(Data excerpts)
----------------------------------------
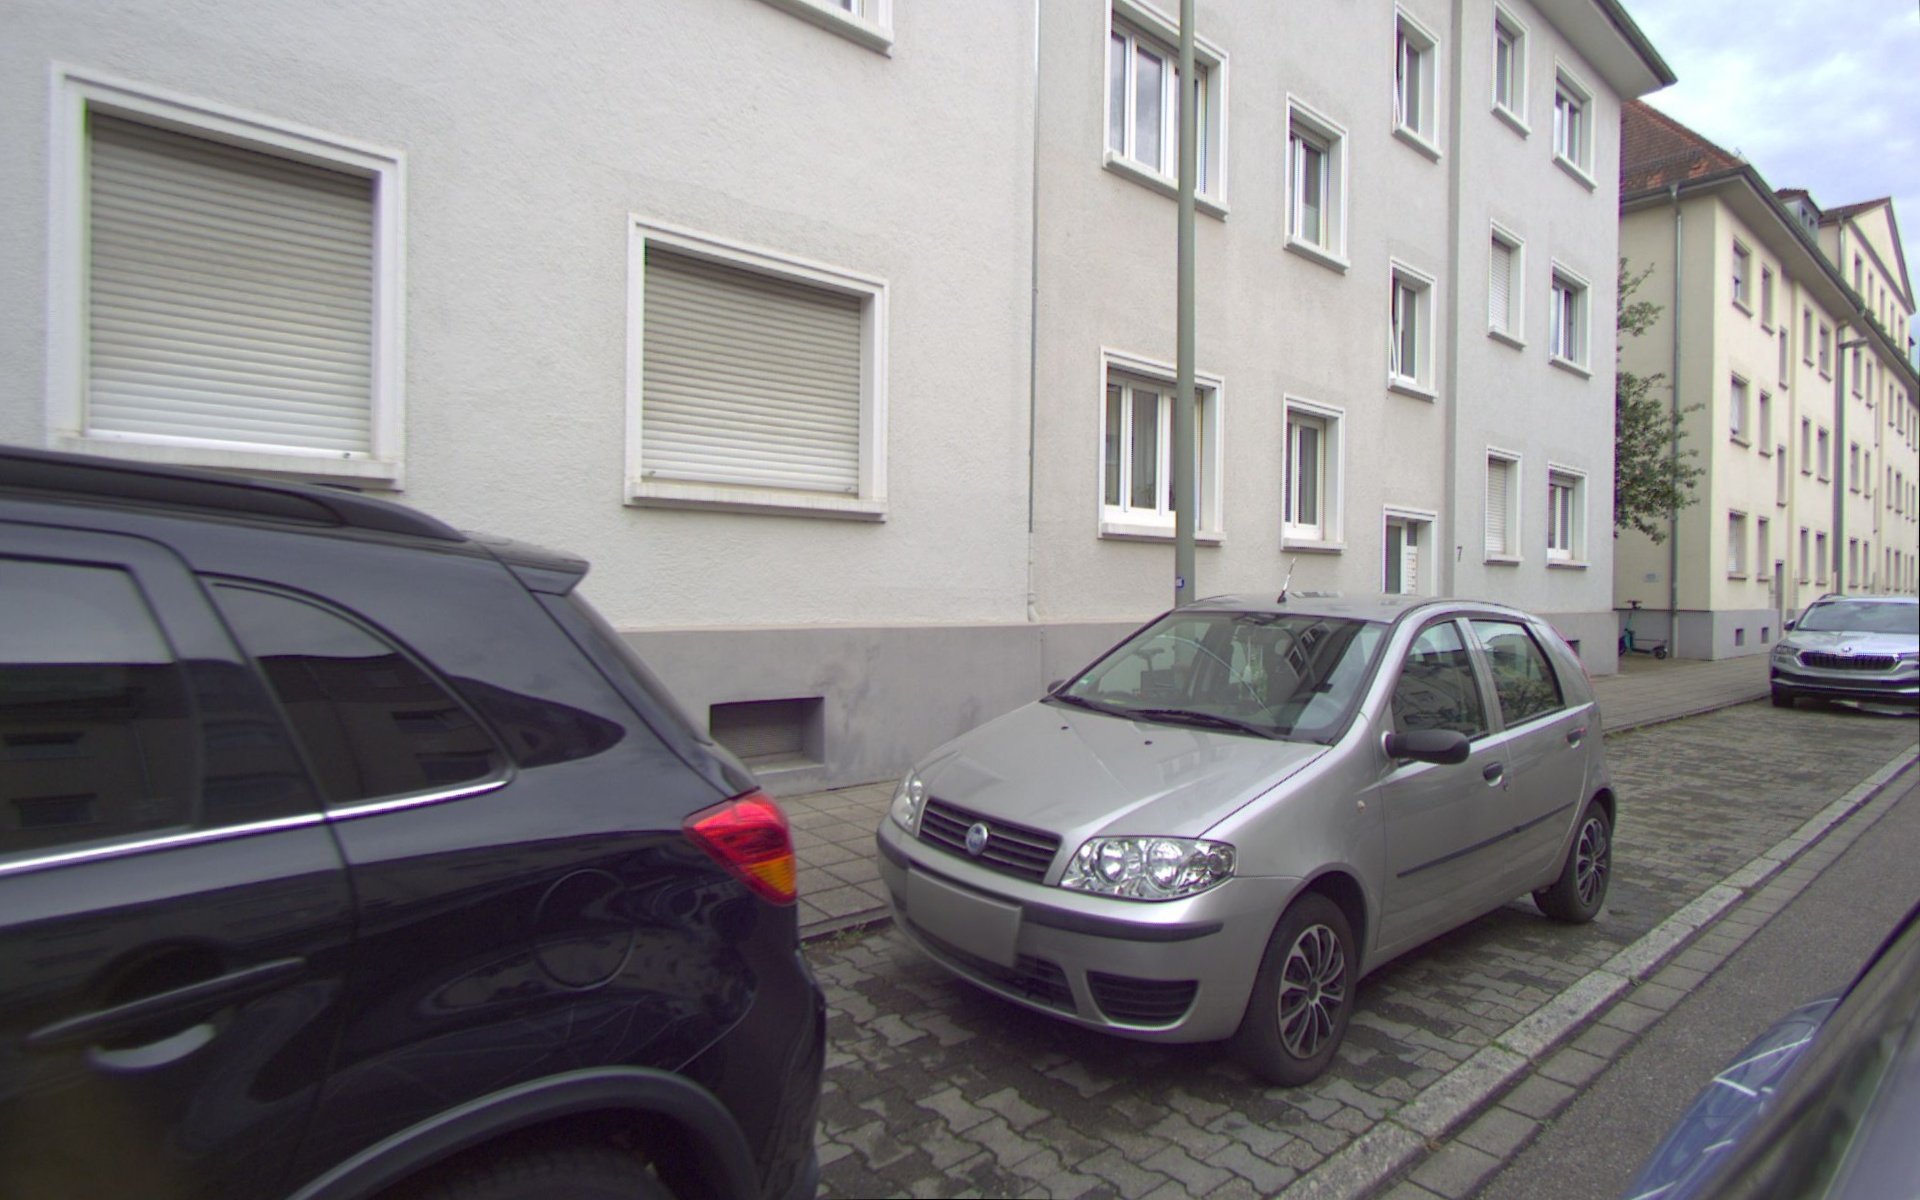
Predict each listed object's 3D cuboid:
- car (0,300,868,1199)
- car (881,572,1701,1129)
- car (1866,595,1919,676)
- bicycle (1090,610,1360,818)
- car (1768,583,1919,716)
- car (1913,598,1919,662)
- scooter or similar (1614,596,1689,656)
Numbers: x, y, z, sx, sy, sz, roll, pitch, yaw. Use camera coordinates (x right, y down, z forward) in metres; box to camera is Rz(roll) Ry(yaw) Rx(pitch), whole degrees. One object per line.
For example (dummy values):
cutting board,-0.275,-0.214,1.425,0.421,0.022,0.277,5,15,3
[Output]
car,-2.229,0.510,0.980,4.023,1.623,1.822,0,1,-44
car,1.796,0.672,4.766,4.018,1.522,1.824,0,1,-40
car,19.640,0.660,20.105,4.422,1.495,1.729,0,0,-39
bicycle,1.798,0.671,6.692,1.997,1.190,0.532,0,1,-35
car,13.208,0.613,14.468,4.018,1.663,1.824,0,1,-40
car,24.278,0.703,24.328,3.801,1.495,1.605,0,0,-41
scooter or similar,15.194,0.561,22.263,0.512,1.261,1.284,1,0,-24
----------------------------------------
• [EXERCISE GOAL]: Copy out the lines of the data where the word "object" can be found.

• [WRITTEN SOLUTION]:
Predict each listed object's 3D cuboid:
Numbers: x, y, z, sx, sy, sz, roll, pitch, yaw. Use camera coordinates (x right, y down, z forward) in metres; box to camera is Rz(roll) Ry(yaw) Rx(pitch), whole degrees. One object per line.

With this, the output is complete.